Print exactly the lines below between the line holding "#2 person [1619,588,1872,1079]" and the line holding "#5 person [338,411,491,852]", inclusive, and nothing more.

> [RECORDS FOR THE TASK]:
****************************************
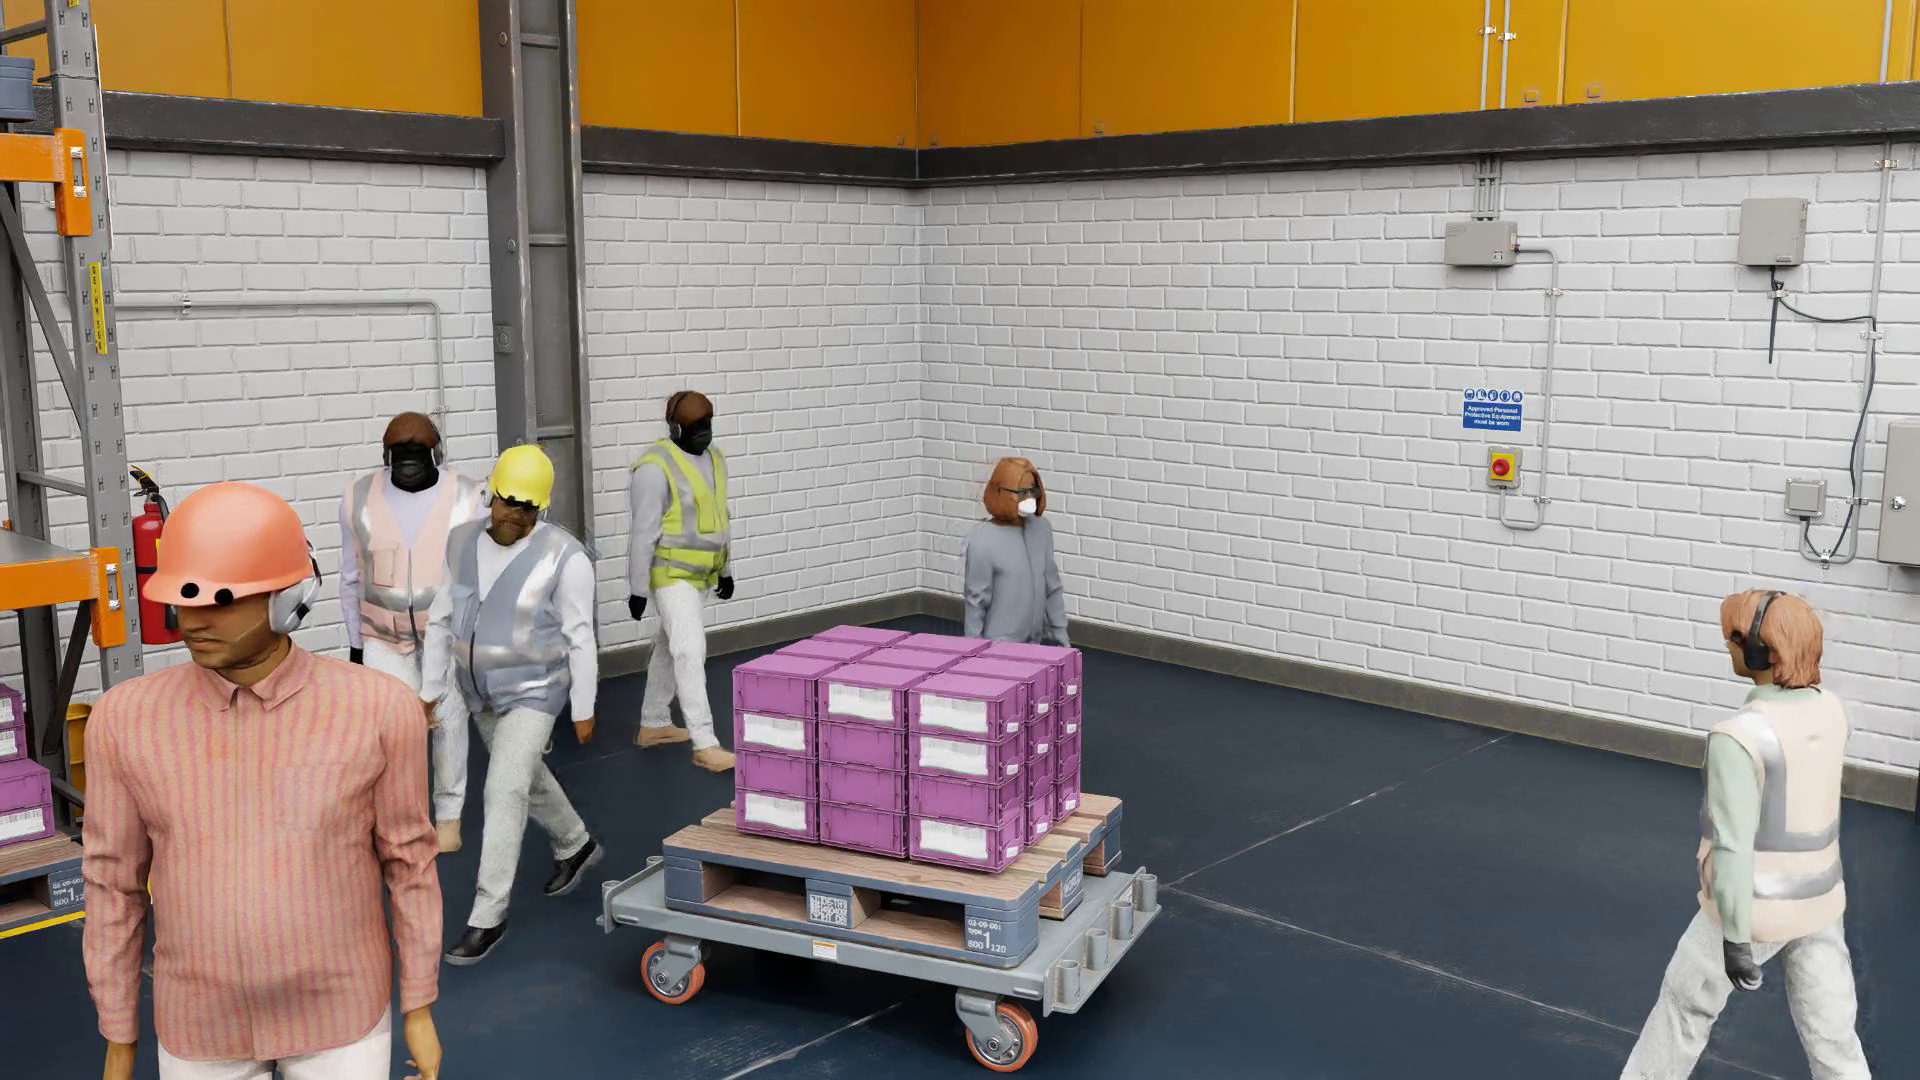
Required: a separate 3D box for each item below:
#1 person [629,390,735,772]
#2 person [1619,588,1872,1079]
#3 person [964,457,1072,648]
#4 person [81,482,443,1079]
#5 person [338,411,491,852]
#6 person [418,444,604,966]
[{"bbox_3d":[-1.316,0.182,7.978,0.711,1.822,0.658,3,10,20],"label":"person"},{"bbox_3d":[1.987,0.907,4.137,0.515,1.591,0.876,-5,10,-27],"label":"person"},{"bbox_3d":[0.166,0.432,6.997,0.732,1.602,0.508,7,12,37],"label":"person"},{"bbox_3d":[-1.280,0.891,3.091,0.622,1.958,0.387,-2,10,-13],"label":"person"},{"bbox_3d":[-2.102,0.411,6.480,0.638,1.808,0.812,-2,9,-11],"label":"person"},{"bbox_3d":[-1.546,0.523,5.938,0.605,1.772,0.896,5,10,28],"label":"person"}]
****************************************
> [RESULT FOR THIS TASK]:
#2 person [1619,588,1872,1079]
#3 person [964,457,1072,648]
#4 person [81,482,443,1079]
#5 person [338,411,491,852]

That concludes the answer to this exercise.